Bupati Tangerang Moch Maesyal Rasyid mengatakan jumlah penderita ISPA kini mengalami penurunan dibandingkan beberapa hari sebelumnya yang sempat mencapai lebih dari 100 orang.

"Dari seratusan warga yang terindikasi terkena ISPA, saat ini tinggal 22 orang yang masih mendapatkan penanganan dari petugas Puskesmas di bawah Dinas Kesehatan Kabupaten Tangerang," ujar Maesyal di Tangerang, Minggu (5/7/2026).

Berdasarkan data Dinas Kesehatan Kabupaten Tangerang, tercatat sebanyak 154 warga sempat mengalami gejala gangguan saluran pernapasan akibat asap kebakaran. Sebagian besar telah membaik setelah mendapatkan pemeriksaan dan pengobatan.
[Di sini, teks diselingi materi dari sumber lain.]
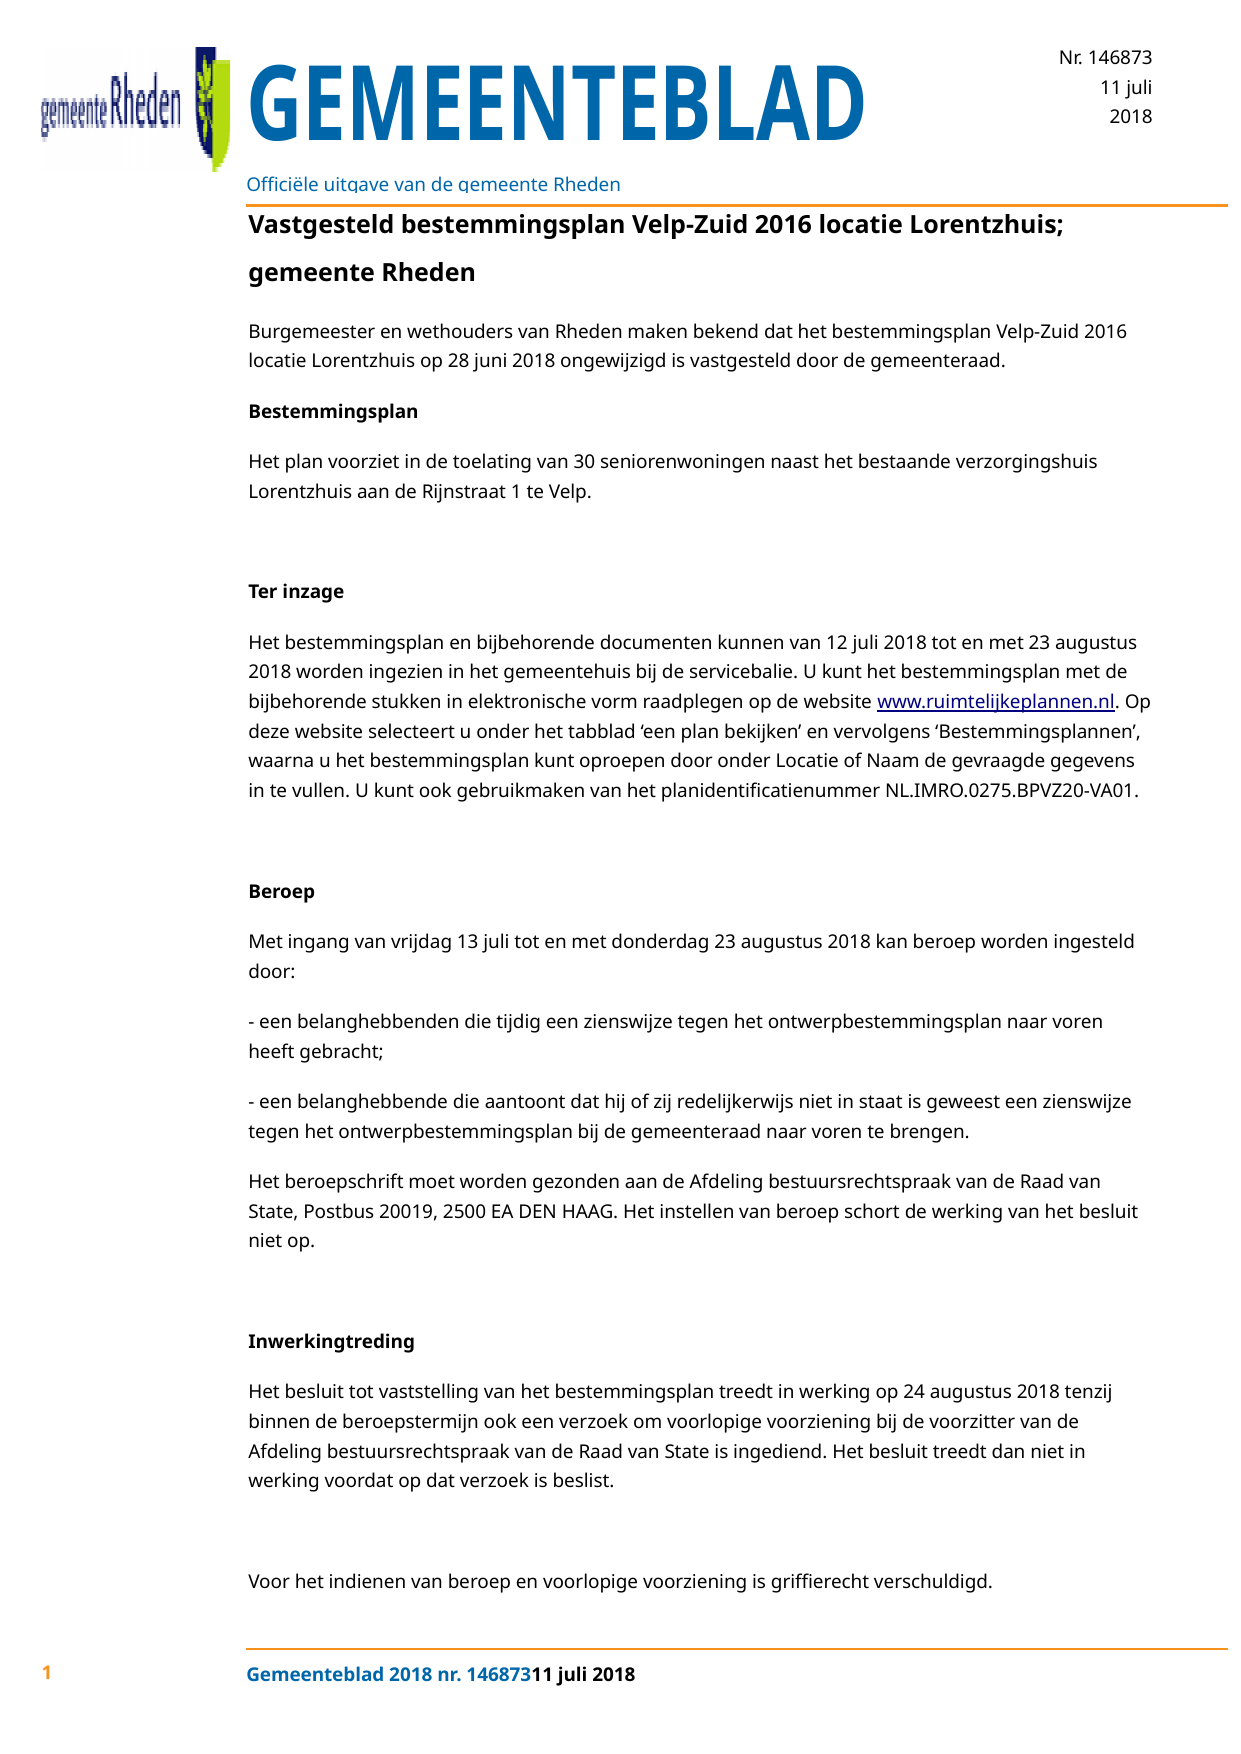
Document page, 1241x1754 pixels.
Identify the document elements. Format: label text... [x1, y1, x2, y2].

text Het beroepschrift moet worden gezonden aan de Afdeling bestuursrechtspraak van de Raad van State, Postbus 20019, 2500 EA DEN HAAG. Het instellen van beroep schort de werking van het besluit niet op. [248, 1168, 1152, 1253]
text Inwerkingtreding [248, 1328, 1152, 1354]
text Voor het indienen van beroep en voorlopige voorziening is griffierecht verschuldigd. [248, 1568, 1152, 1594]
text - een belanghebbenden die tijdig een zienswijze tegen het ontwerpbestemmingsplan naar voren heeft gebracht; [248, 1008, 1152, 1064]
text Ter inzage [248, 579, 1152, 604]
text - een belanghebbende die aantoont dat hij of zij redelijkerwijs niet in staat is geweest een zienswijze tegen het ontwerpbestemmingsplan bij de gemeenteraad naar voren te brengen. [248, 1088, 1152, 1144]
text Het plan voorziet in de toelating van 30 seniorenwoningen naast het bestaande verzorgingshuis Lorentzhuis aan de Rijnstraat 1 te Velp. [248, 448, 1152, 504]
text Beroep [248, 878, 1152, 904]
text Bestemmingsplan [248, 398, 1152, 424]
text Vastgesteld bestemmingsplan Velp-Zuid 2016 locatie Lorentzhuis; gemeente Rheden [248, 207, 1152, 288]
text Met ingang van vrijdag 13 juli tot en met donderdag 23 augustus 2018 kan beroep worden ingesteld door: [248, 928, 1152, 984]
picture [41, 47, 231, 172]
text Burgemeester en wethouders van Rheden maken bekend dat het bestemmingsplan Velp-Zuid 2016 locatie Lorentzhuis op 28 juni 2018 ongewijzigd is vastgesteld door de gemeenteraad. [248, 318, 1152, 373]
text Het besluit tot vaststelling van het bestemmingsplan treedt in werking op 24 augustus 2018 tenzij binnen de beroepstermijn ook een verzoek om voorlopige voorziening bij de voorzitter van de Afdeling bestuursrechtspraak van de Raad van State is ingediend. Het besluit treedt dan niet in werking voordat op dat verzoek is beslist. [248, 1379, 1152, 1493]
text Het bestemmingsplan en bijbehorende documenten kunnen van 12 juli 2018 tot en met 23 augustus 2018 worden ingezien in het gemeentehuis bij de servicebalie. U kunt het bestemmingsplan met de bijbehorende stukken in elektronische vorm raadplegen op de website www.ruimtelijkeplannen.nl. Op deze website selecteert u onder het tabblad ‘een plan bekijken’ en vervolgens ‘Bestemmingsplannen’, waarna u het bestemmingsplan kunt oproepen door onder Locatie of Naam de gevraagde gegevens in te vullen. U kunt ook gebruikmaken van het planidentificatienummer NL.IMRO.0275.BPVZ20-VA01. [248, 629, 1152, 803]

Meski angka kasus menurun, Pemerintah Kabupaten Tangerang tetap mengintensifkan pelayanan kesehatan kepada masyarakat. Petugas kesehatan melakukan pemeriksaan secara door to door, terutama bagi warga yang memilih tetap berada di rumah dan tidak mengungsi.
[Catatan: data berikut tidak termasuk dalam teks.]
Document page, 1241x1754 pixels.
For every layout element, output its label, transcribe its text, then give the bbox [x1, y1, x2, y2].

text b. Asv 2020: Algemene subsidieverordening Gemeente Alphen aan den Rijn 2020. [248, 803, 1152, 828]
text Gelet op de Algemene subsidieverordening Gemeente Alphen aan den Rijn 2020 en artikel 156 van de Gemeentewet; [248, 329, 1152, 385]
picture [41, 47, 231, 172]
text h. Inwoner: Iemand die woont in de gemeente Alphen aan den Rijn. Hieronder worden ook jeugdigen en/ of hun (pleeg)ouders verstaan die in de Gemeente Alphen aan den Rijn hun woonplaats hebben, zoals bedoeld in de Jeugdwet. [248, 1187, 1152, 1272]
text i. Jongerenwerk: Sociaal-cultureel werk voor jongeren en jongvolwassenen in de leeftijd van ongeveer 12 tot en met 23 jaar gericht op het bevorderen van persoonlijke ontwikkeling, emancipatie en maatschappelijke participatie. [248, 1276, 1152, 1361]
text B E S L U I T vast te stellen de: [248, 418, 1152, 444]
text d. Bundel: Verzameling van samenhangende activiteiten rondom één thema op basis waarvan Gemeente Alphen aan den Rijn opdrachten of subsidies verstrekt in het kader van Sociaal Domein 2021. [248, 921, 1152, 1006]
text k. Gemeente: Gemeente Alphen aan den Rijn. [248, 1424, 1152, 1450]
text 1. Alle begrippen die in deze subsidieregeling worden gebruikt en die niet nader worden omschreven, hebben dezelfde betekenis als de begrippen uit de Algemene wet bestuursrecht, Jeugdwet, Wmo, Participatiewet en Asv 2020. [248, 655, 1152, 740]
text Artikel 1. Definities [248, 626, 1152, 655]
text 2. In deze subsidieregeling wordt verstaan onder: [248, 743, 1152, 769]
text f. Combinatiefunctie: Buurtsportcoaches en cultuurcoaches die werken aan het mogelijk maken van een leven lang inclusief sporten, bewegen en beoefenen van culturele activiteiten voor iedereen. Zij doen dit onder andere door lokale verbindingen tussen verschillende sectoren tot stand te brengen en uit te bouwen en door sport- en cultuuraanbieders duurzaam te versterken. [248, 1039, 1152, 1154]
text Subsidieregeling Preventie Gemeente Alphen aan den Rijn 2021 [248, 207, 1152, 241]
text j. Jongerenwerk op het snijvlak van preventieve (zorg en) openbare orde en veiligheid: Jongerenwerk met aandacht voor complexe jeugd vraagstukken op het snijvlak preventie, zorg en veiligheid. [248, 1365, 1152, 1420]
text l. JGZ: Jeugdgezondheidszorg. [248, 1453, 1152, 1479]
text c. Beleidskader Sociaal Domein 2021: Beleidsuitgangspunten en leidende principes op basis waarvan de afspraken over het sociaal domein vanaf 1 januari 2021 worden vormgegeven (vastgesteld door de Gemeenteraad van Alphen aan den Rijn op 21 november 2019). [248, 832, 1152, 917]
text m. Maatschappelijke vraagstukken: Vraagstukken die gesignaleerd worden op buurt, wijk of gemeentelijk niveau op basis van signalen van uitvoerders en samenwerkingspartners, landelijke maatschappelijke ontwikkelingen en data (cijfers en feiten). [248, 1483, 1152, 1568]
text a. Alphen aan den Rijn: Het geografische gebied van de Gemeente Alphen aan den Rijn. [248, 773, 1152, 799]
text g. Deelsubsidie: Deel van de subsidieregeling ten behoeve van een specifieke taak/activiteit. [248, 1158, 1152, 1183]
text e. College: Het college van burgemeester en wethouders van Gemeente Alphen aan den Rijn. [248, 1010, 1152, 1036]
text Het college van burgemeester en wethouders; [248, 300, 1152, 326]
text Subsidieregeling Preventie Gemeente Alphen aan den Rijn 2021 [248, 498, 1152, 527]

"Kami mendatangi langsung rumah-rumah warga untuk memastikan kondisi kesehatan mereka tetap terpantau," kata Maesyal.

Dua Posko Pengungsian Disiapkan

Sebagai langkah penanganan darurat, Pemkab Tangerang juga mendirikan dua posko pengungsian bagi warga yang terdampak asap kebakaran.

Posko pertama berada di Kantor Desa Tanjakan Mekar, sedangkan posko kedua berada di Desa Rajeg Mulya. Kedua lokasi tersebut sempat menampung ratusan warga yang dievakuasi oleh petugas gabungan dari BPBD, TNI, dan Polri.
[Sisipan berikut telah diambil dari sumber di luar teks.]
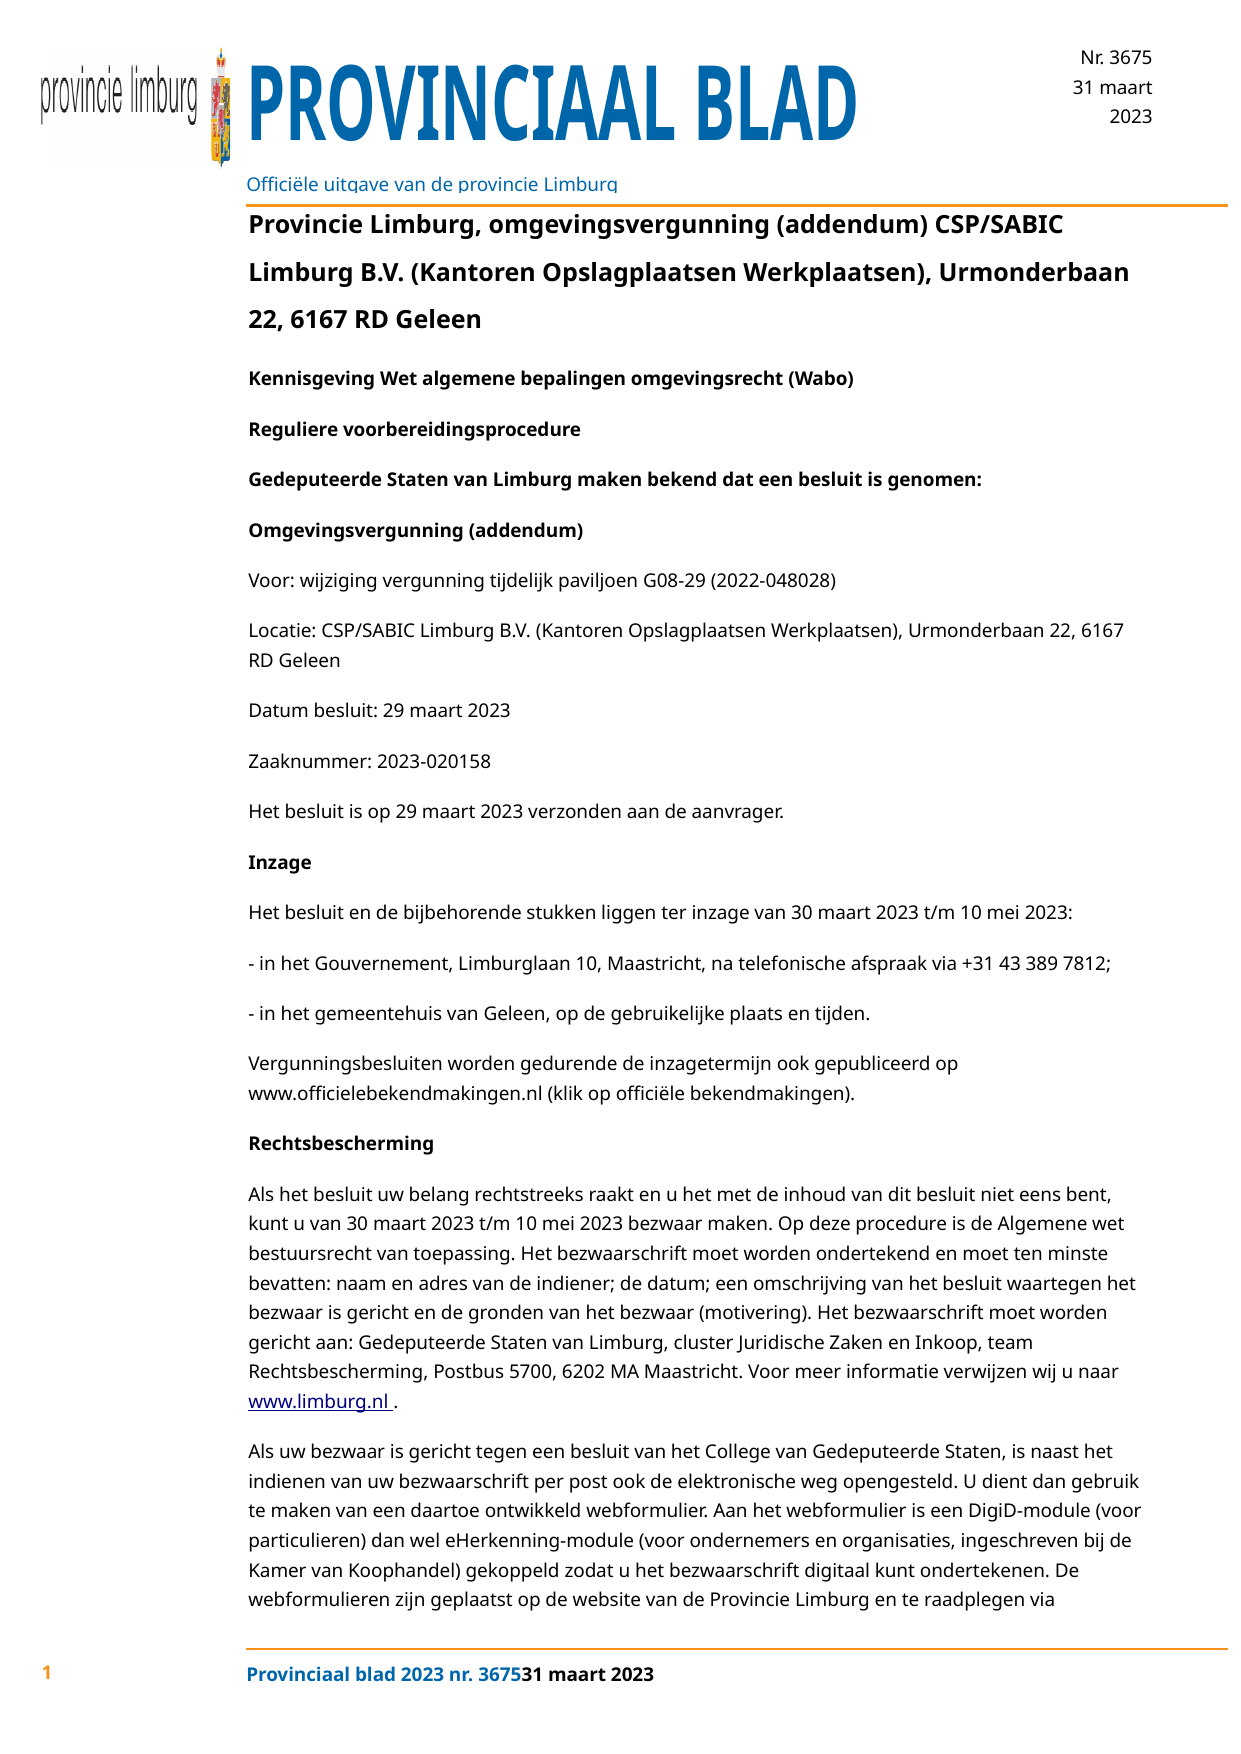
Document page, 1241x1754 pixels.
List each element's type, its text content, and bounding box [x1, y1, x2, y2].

text Voor: wijziging vergunning tijdelijk paviljoen G08-29 (2022-048028) [248, 567, 1152, 593]
picture [41, 47, 231, 172]
text Rechtsbescherming [248, 1131, 1152, 1156]
text Het besluit en de bijbehorende stukken liggen ter inzage van 30 maart 2023 t/m 10 mei 2023: [248, 899, 1152, 925]
text Gedeputeerde Staten van Limburg maken bekend dat een besluit is genomen: [248, 466, 1152, 492]
text Inzage [248, 849, 1152, 874]
text Omgevingsvergunning (addendum) [248, 517, 1152, 542]
text Kennisgeving Wet algemene bepalingen omgevingsrecht (Wabo) [248, 366, 1152, 391]
text Datum besluit: 29 maart 2023 [248, 698, 1152, 723]
text - in het gemeentehuis van Geleen, op de gebruikelijke plaats en tijden. [248, 1000, 1152, 1026]
text Vergunningsbesluiten worden gedurende de inzagetermijn ook gepubliceerd op www.officielebekendmakingen.nl (klik op officiële bekendmakingen). [248, 1051, 1152, 1106]
text Als uw bezwaar is gericht tegen een besluit van het College van Gedeputeerde Staten, is naast het indienen van uw bezwaarschrift per post ook de elektronische weg opengesteld. U dient dan gebruik te maken van een daartoe ontwikkeld webformulier. Aan het webformulier is een DigiD-module (voor particulieren) dan wel eHerkenning-module (voor ondernemers en organisaties, ingeschreven bij de Kamer van Koophandel) gekoppeld zodat u het bezwaarschrift digitaal kunt ondertekenen. De webformulieren zijn geplaatst op de website van de Provincie Limburg en te raadplegen via [248, 1438, 1152, 1612]
text Zaaknummer: 2023-020158 [248, 748, 1152, 774]
text Locatie: CSP/SABIC Limburg B.V. (Kantoren Opslagplaatsen Werkplaatsen), Urmonderbaan 22, 6167 RD Geleen [248, 618, 1152, 673]
text Als het besluit uw belang rechtstreeks raakt en u het met de inhoud van dit besluit niet eens bent, kunt u van 30 maart 2023 t/m 10 mei 2023 bezwaar maken. Op deze procedure is de Algemene wet bestuursrecht van toepassing. Het bezwaarschrift moet worden ondertekend en moet ten minste bevatten: naam en adres van de indiener; de datum; een omschrijving van het besluit waartegen het bezwaar is gericht en de gronden van het bezwaar (motivering). Het bezwaarschrift moet worden gericht aan: Gedeputeerde Staten van Limburg, cluster Juridische Zaken en Inkoop, team Rechtsbescherming, Postbus 5700, 6202 MA Maastricht. Voor meer informatie verwijzen wij u naar www.limburg.nl . [248, 1181, 1152, 1414]
text - in het Gouvernement, Limburglaan 10, Maastricht, na telefonische afspraak via +31 43 389 7812; [248, 950, 1152, 975]
text Het besluit is op 29 maart 2023 verzonden aan de aanvrager. [248, 798, 1152, 824]
text Reguliere voorbereidingsprocedure [248, 416, 1152, 442]
text Provincie Limburg, omgevingsvergunning (addendum) CSP/SABIC Limburg B.V. (Kantoren Opslagplaatsen Werkplaatsen), Urmonderbaan 22, 6167 RD Geleen [248, 207, 1152, 336]

Menurut Maesyal, sebagian warga hanya mengungsi selama satu hingga dua malam sebelum akhirnya kembali ke rumah masing-masing setelah kondisi dinilai lebih aman.

Dinkes Kerahkan 50 Tenaga Medis

Sementara itu, Kepala Dinas Kesehatan Kabupaten Tangerang Hendra Tarmizi mengatakan jumlah tenaga kesehatan yang diterjunkan terus ditambah untuk mempercepat pelayanan kepada masyarakat terdampak.

Jika pada awal kejadian hanya sekitar belasan petugas yang bertugas, kini sebanyak 50 tenaga medis telah disiagakan dengan dukungan dari sejumlah Puskesmas di wilayah sekitar.

Penambahan personel dilakukan karena asap hasil pembakaran sampah mulai menyebar hingga kawasan permukiman dan memicu gangguan kesehatan pada warga.

Hingga saat ini, jumlah masyarakat yang telah mendapatkan pelayanan kesehatan di posko darurat diperkirakan mendekati 200 orang. Keluhan yang paling banyak ditemukan masih didominasi ISPA.

Kelompok yang paling banyak memeriksakan diri terdiri atas anak-anak, ibu hamil, hingga orang dewasa yang mengalami gangguan pernapasan akibat paparan asap dikutip Antara.

Fokus Cegah Pneumonia

Dinas Kesehatan Kabupaten Tangerang menegaskan bahwa fokus utama penanganan saat ini adalah mencegah ISPA berkembang menjadi pneumonia, terutama pada kelompok rentan seperti balita dan lanjut usia.

Pneumonia dapat menimbulkan komplikasi serius apabila tidak ditangani sejak dini.

Karena itu, masyarakat diimbau mengurangi aktivitas di luar ruangan selama asap masih menyelimuti wilayah terdampak serta selalu menggunakan masker ketika harus beraktivitas di luar rumah.

Pemerintah daerah memastikan pelayanan kesehatan akan terus diberikan hingga kondisi warga benar-benar pulih dan kualitas udara kembali membaik.